LANSING — State Reps. Alex Garza (D-Taylor), Darrin Camilleri (D-Brownstown), Vanessa Guerra (D-Saginaw) and state Sen. Erika Geiss (D-Taylor) hosted the inaugural Michigan Latino Legislative Day at the state Capitol yesterday on behalf of the Latino Legislative Caucus. Held during Hispanic Heritage Month, which is celebrated from Sept. 15 through Oct. 15 each year, the event drew over 100 attendees eager to engage with their state government.
“Latinos have always been incredibly important to Michigan’s success, contributing in a variety of roles across different industries,” said Garza, chair of the Latino Legislative Caucus. “With this event, we recognize those valuable contributions, and encourage members of the Hispanic community to come and meet with their legislators and actively engage in the policy process.”

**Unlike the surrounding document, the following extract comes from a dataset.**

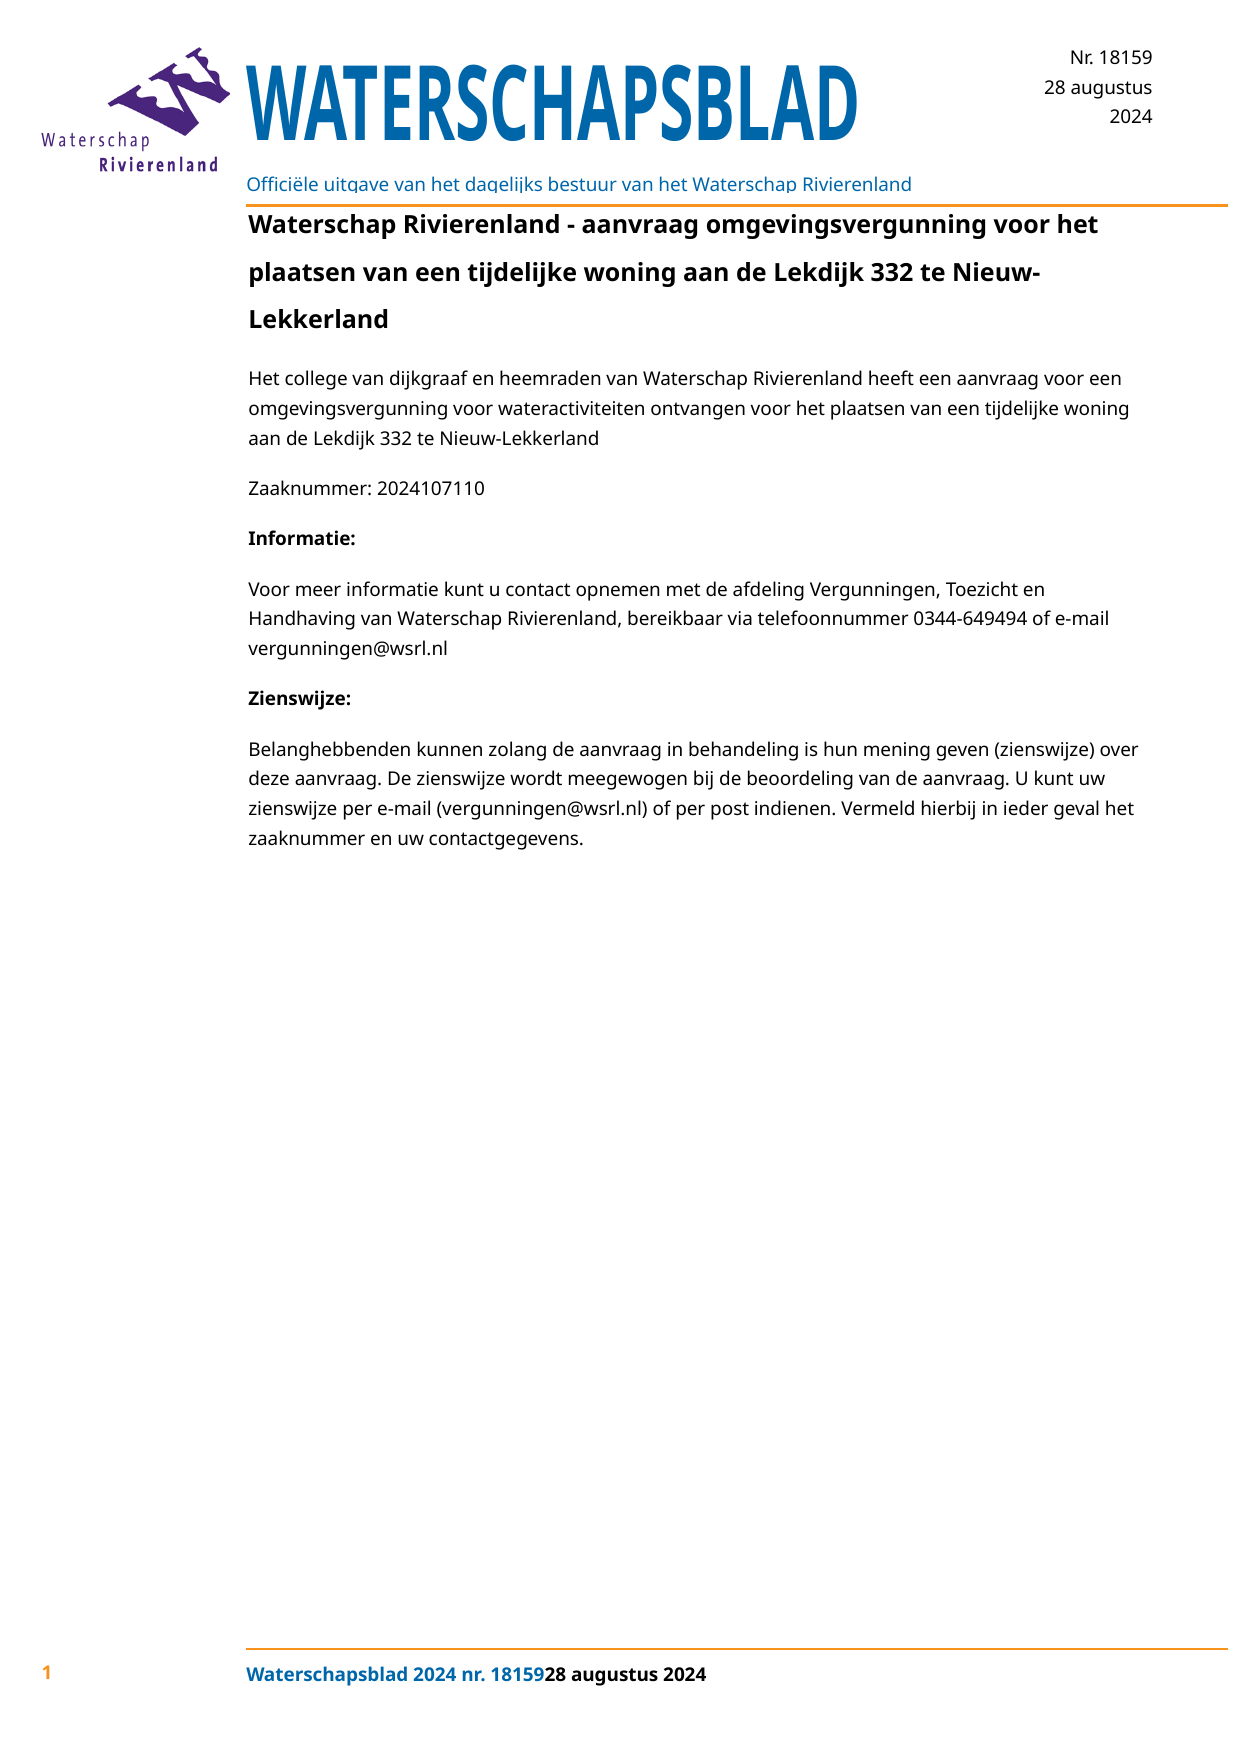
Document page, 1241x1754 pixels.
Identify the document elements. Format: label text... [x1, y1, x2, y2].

“We didn’t see the first Latino state legislator in Michigan until 1998, and only thirteen of us have served since then,” said Camilleri. “We want to see a lot more representation for Michigan’s vibrant, growing Latino community in the years ahead, and this day was a great reminder of all the incredible things we can do when we come together and organize.”
Members of the caucus were also joined by special guests Gov. Gretchen Whitmer, Lt. Gov. Garlin Gilchrist, Attorney General Dana Nessel and State Board of Education member Lupe Ramos-Montigny.
“From the time this country was founded, Latinx-Americans have taken leadership roles in actively fighting for a better, fairer world,” said Geiss. “And that has continued to this day — our diaspora is large and diverse, we are all over this state, at this very moment, leading the charge in changing our communities and state for the better. This Latino Legislative Advocacy Day is an opportunity for all to get together in Lansing, meet with like-minded individuals, and learn about what more they can do.”
“Latinos have always been involved in efforts to improve their country, and recently have made great strides in terms of representation in their government,” said Guerra. “But the work doesn’t stop there – we must continue working with colleagues and local leaders to ensure our voices are heard.”